Optimizing picking strategies
The fresh food area received four additional COM machines (in total 21 with space for five more COMs), another eight tray storage aisles, two more pallet storage aisles, the corresponding stacker cranes and conveyor system mechanics, two depalletizers, and one stretch-wrapper. “We then added another material flow section for vegetables and fruits in the fresh produce area to simplify the handling of other goods in this sector. In the past, the product groups were picked together”, explains Glomlien. 

The fully automated shipping buffer, which covers various temperature zones, has been expanded once again.

Holger Weiß is already working on his next project in Sweden. Day-to-day business continues for COOP at CLog. “The upgrade has given us a state-of-the-art solution that has been enhanced during ongoing operations to a throughput volume that could not even have been anticipated in the original design phase. Now, we are further optimizing the processes”, explains Glomlien. With the expansion, also COOP’s software systems were updated to WITRON’s state of the art.

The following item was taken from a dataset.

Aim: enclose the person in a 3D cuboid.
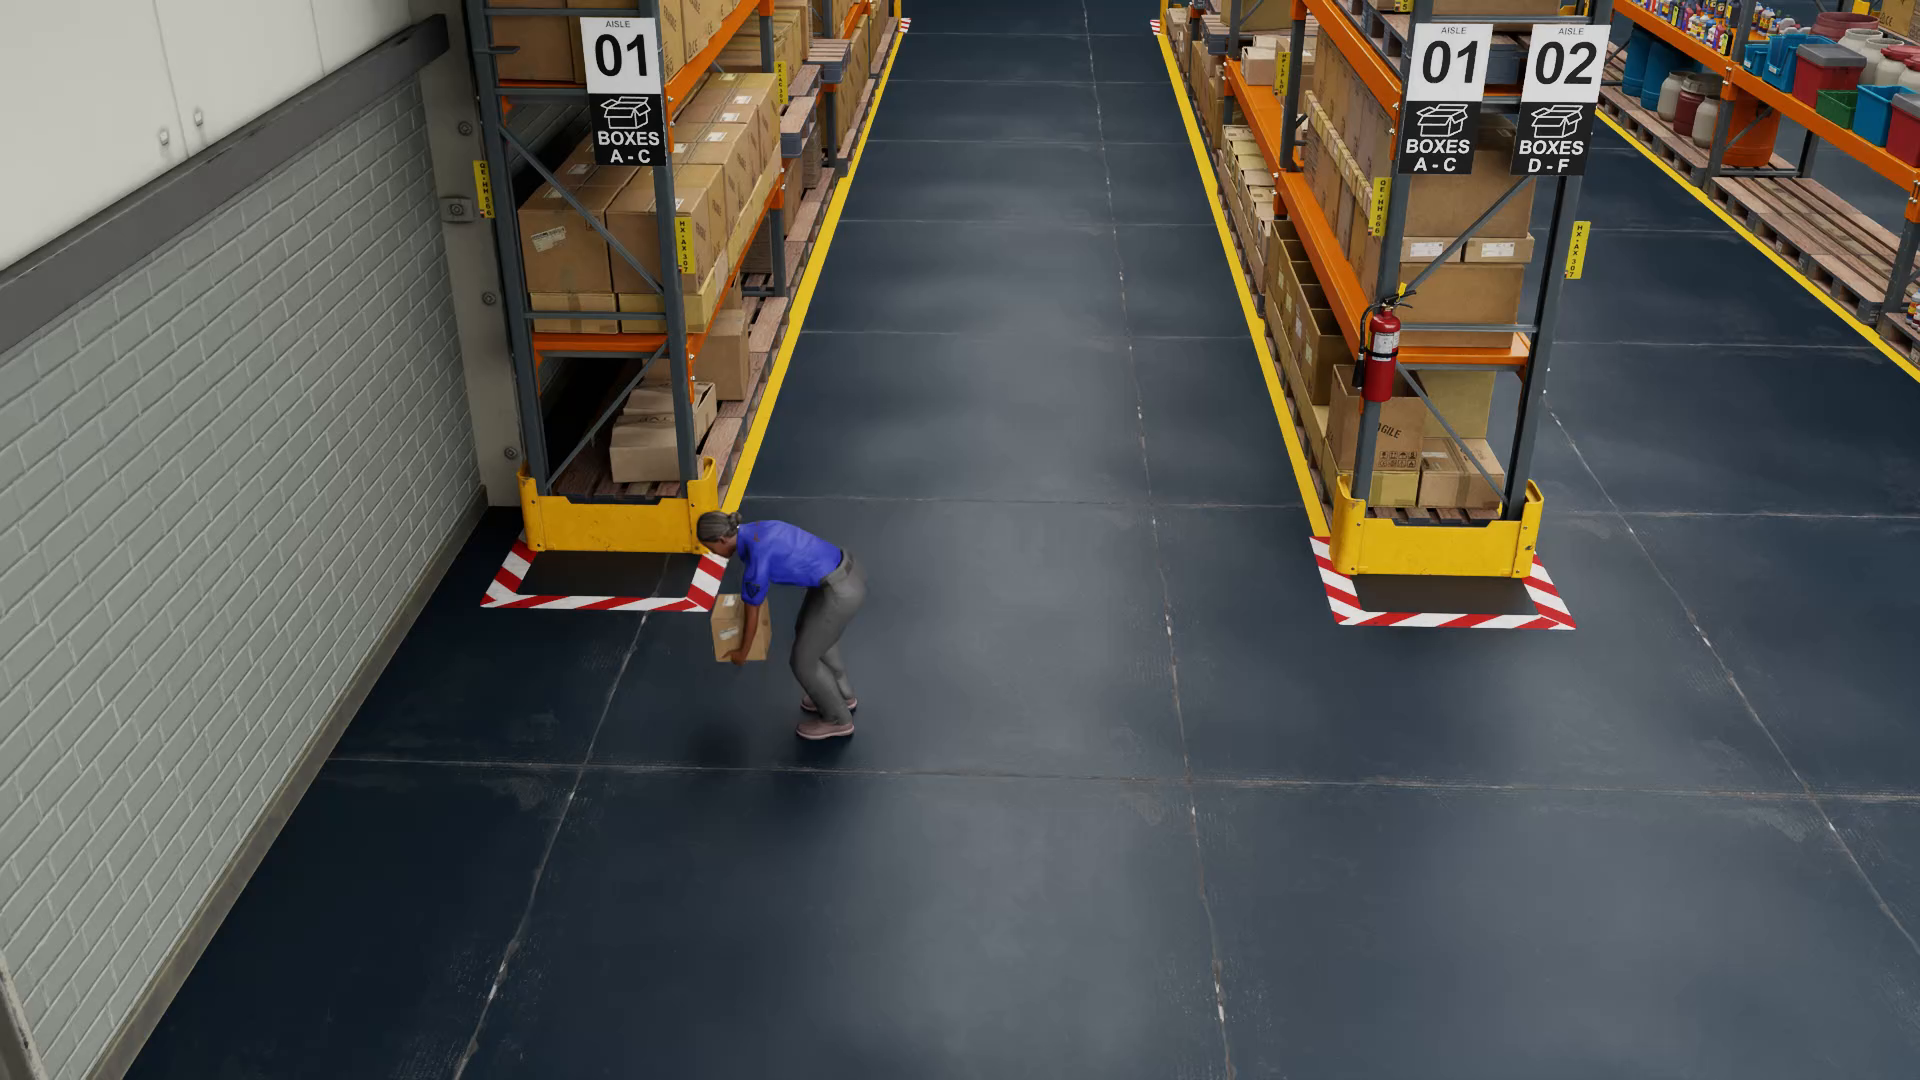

But even after the project has been completed, the processes in the logistics center keep changing, if only because the entire supply chain is subject to fluctuations and customer requirements change. That is why a high level of flexibility is required in all processes. “COOP is pursuing a continuous improvement process and has gained a lot of experience with the facility over the past few years. This is also very impressive for us. They analyze their data, their calculations, select the right picking strategies for the regions and stores, and define how to structure their orders”, says Weiß enthusiastically. They also support the WITRON colleagues on site and in Parkstein when logics change.

Respect extends to all parties involved in the project
Also for WITRON CEO Helmut Prieschenk, the facility in Norway is a showcase project in many aspects. “It shows the transformability of automated processes. It shows how efficiently additional technology can be integrated into an existing system or into an existing building during ongoing operations. However, it is not only technology and buildings that are decisive in such projects, but also the people who successfully carry such a project across the finish line. People who have shown how even challenging situations can be mastered efficiently when project teams cooperate in a constructive and trustful manner throughout all project phases.

With this expansion, all those involved in the project have delivered a masterpiece. Both technologically, but even more so in terms of the commitment shown. While the technical requirements were already a challenging task for the COOP and WITRON teams, their implementation was further complicated over many months by the Corona pandemic. In order to meet the necessary tight time schedule despite health policy impairments, the colleagues showed a maximum of “heart and soul”, grew with the challenges, and did a great job. Projects are made by people for people. And the people involved have delivered a performance that deserves the utmost respect and represents the spirit of both companies.”